I cannot believe I’m even entertaining this. “I want two forms of ID so I know your name is real, and I want you to cover your own groceries.”

“Done,” he says, reaching into his wallet. He plops his driver’s license in front of me and searches for another form of ID. “I have credit cards, gym card, and a library card with my name on it, but I don’t have any work IDs or anything with a picture. Will those do?”

“I thought you said you don’t like books. Why do you have a library card? What else are you lying to me about?” I ask, squinting.

He laughs and swallows a piece of eggroll. “You should know libraries are more than books. I can watch documentaries and stuff on the movie app.”

“For fuck’s sake,” I mutter, putting my head in my hands and glancing at the driver’s license from between my fingers. It’s him. He looks exactly the same as the guy sitting in front of me and casually chewing like none of this is a big deal. “I can’t believe this is happening.”

He taps a few more things on his phone. Every once in a while, he stops chewing, looks off into the distance, and adds more things. Eventually, he sets his phone back on the table, and my phone dings in my purse again.

“Is that you?” I ask.

“Yep. Check it out. I think it’s fair, but I can add something if you need it.”

I reach into my purse and look at the text message with a link to a Google document. Christ, the contract is long, almost five pages of something that looks like a trained lawyer drew it up. I take a few bites of food and chew while I read the first part. “It says here that this contract ends on February fifteenth.”

“It’s the day after Valentine’s Day. We dissolve our contract then. I move out, your mom’s off your back, and I go to Gus’s for a couple of weeks until the weather warms up enough to camp again.”

I read down the list of helpful bullet points about arrangements. It says that he provides his own food and toiletries unless we’re having a date night. Then, food will be negotiated. He even agreed to pay the water and gas bills. Sure, those are usually small for my apartment, coming to about a hundred bucks in the winter, but it’s still a hundred bucks I don’t have to pay that can go into savings.

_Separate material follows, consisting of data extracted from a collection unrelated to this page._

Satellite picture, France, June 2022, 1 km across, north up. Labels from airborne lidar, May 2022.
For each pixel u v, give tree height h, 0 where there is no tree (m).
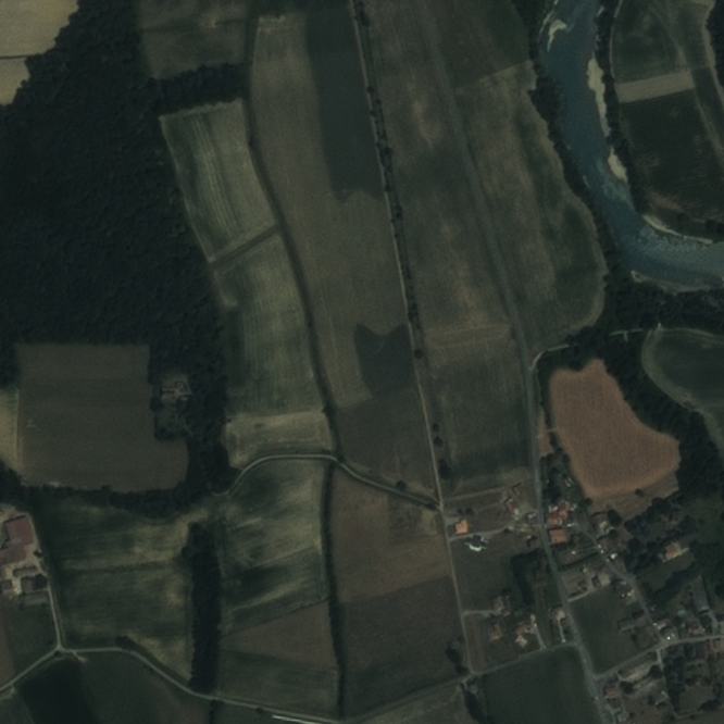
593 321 0
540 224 0
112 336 15
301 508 0
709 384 0
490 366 0
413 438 0
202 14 0
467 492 0
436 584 0
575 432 0
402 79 0
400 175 0
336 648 6
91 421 0
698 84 0
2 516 0
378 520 0
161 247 12
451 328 0
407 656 0
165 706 0
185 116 0
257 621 0
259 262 0
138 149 20
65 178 22
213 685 14
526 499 0
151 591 0
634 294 14
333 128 0
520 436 0
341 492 0
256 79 0
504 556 0
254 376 0
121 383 0
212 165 0
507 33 0
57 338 20
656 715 0
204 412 18
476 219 0
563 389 0
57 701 0
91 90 17
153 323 17
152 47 0
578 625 0
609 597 0
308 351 0
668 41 0
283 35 0
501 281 0
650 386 11
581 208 0
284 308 0
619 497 0
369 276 0
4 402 0
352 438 0
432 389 0
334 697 0
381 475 0
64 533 0
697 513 0
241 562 0
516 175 0
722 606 0
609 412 0
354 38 0
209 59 0
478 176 0
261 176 0
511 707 0
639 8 0
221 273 0
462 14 0
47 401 0
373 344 0
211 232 0
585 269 0
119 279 19
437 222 0
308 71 0
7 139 22
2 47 0
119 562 0
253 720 0
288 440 0
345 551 0
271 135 0
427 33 0
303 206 0
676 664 7
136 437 0
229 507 0
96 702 0
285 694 0
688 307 11
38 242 19
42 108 22
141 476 0
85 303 21
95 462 0
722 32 21
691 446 16
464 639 8
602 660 0
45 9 0
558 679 0
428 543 0
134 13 11
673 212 0
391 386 0
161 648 0
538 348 0
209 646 16
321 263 0
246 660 0
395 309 0
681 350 0
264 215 0
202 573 12
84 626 0
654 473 0
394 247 0
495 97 0
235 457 0
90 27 21
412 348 0
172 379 0
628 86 0
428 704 0
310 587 0
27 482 0
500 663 0
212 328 13
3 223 16
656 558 13
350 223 0
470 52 0
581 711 0
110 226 18
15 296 24
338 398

He’s thought of everything. He does his own dishes and laundry, and he even agrees to vacuum once a week for the duration of cuffing season. He’s included a blurb on replacing the toilet paper roll in an over and down position and agrees to use the fan and air freshener. There’s even a section on birth control that says if we have relations, and he actually uses that term, he’ll use condoms. He agrees to take turns picking what’s on TV.

“I’m very well-behaved. I put the seat back down after I pee, I shower once a day, and I’ll work. Don’t think I’ll be on the couch the whole time. I do smoke, but I won’t in the apartment, and I’ll brush my teeth after. I drink, but we can discuss that as needed. I wasn’t sure how much you drink.”

“Something tells me I’ll be drinking a lot more,” I mumble, cradling my head which suddenly hurts.

“I’d still like to go out with Gus. You should also know that if we’re not going to have a sexual relationship or you don’t want a real relationship, I may not come home every so often, if you get my meaning. That’s in the contract.”

The waiter brings our check, setting it down in the middle of the table, obviously used to identifying couples on early dates. Wilder swipes it toward him before I can get my hand on it. “I’m paying. I sprung this on you.”

He gets a wad of cash out of his wallet, and I mentally scroll back to when he said he does odd jobs in the summer. People have obviously paid him under the table. Does this guy even do taxes?

I shake my head, jolting myself out of tax questions. I need to focus on the issue at hand. Can I agree to live with a man I’ve only known for twenty-four hours?

He doesn’t have a criminal record. He seems clean enough and showers every night. He does dishes and vacuums. He even sets the toilet paper roll in the proper position. I could fall in love with a man after months of dating and not get that type of deal. Melissa’s horror stories of men she’s lived with not moving from the couch and constantly asking for sandwiches comes to mind.